#### [Action item]
Please transcribe the listing that follows exactly; images are to be excluded.

#### [Data segment]
+===+
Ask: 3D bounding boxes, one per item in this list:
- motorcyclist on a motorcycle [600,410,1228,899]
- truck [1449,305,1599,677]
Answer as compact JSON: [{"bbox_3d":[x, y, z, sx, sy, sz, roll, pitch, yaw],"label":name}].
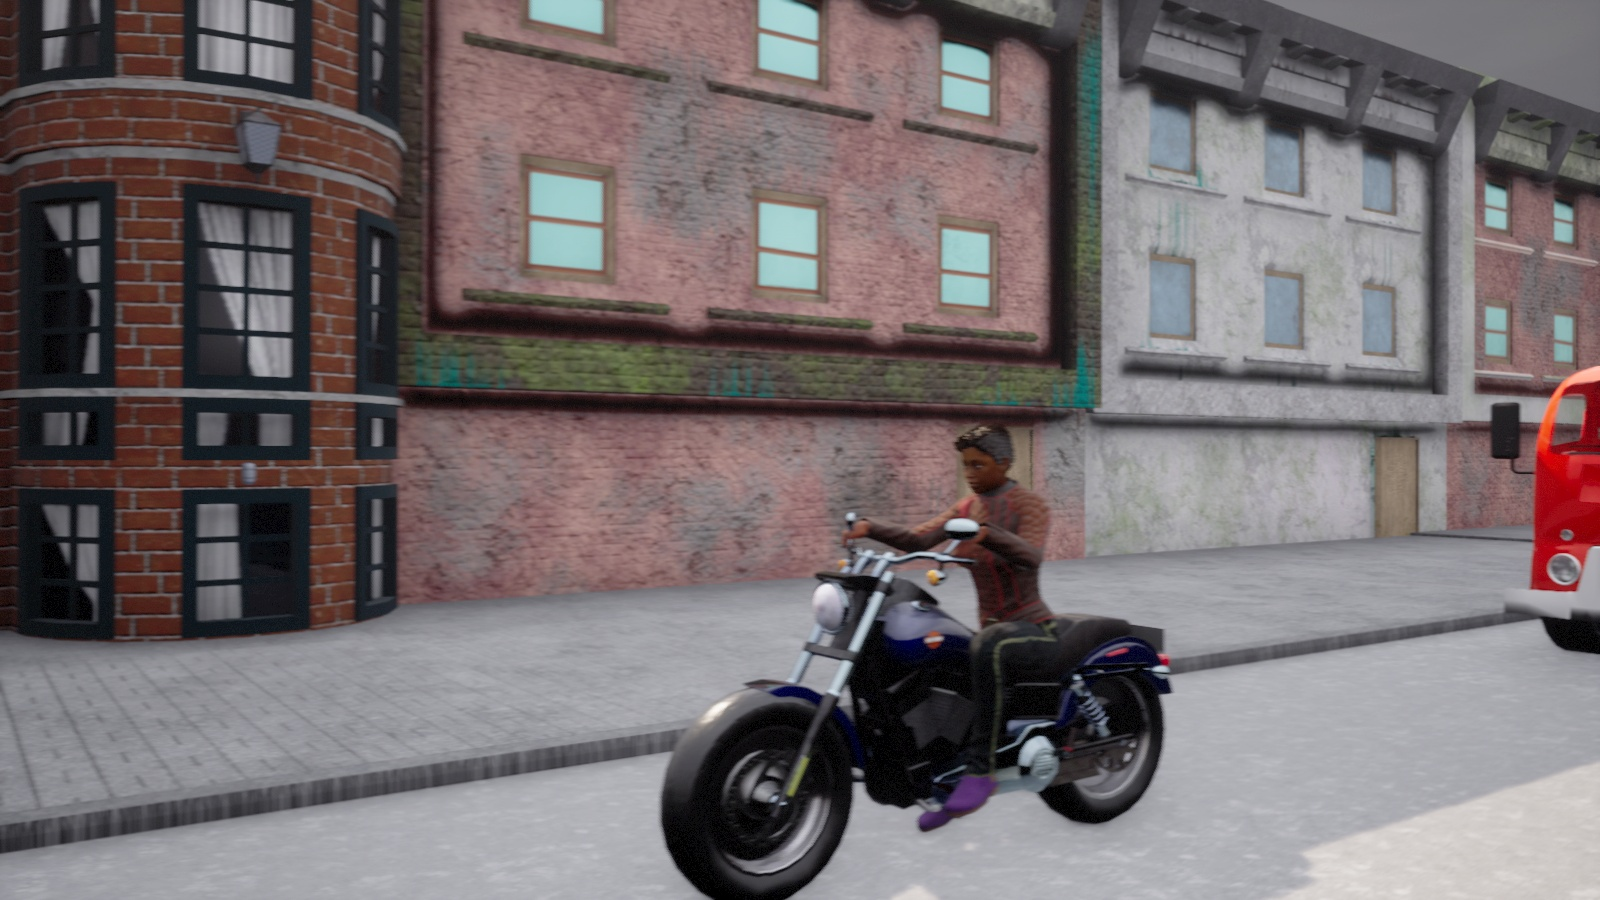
+===+
#### [Final answer]
Ask: 3D bounding boxes, one per item in this list:
- motorcyclist on a motorcycle [600,410,1228,899]
- truck [1449,305,1599,677]
Answer as compact JSON: [{"bbox_3d":[x, y, z, sx, sy, sz, roll, pitch, yaw],"label":name}].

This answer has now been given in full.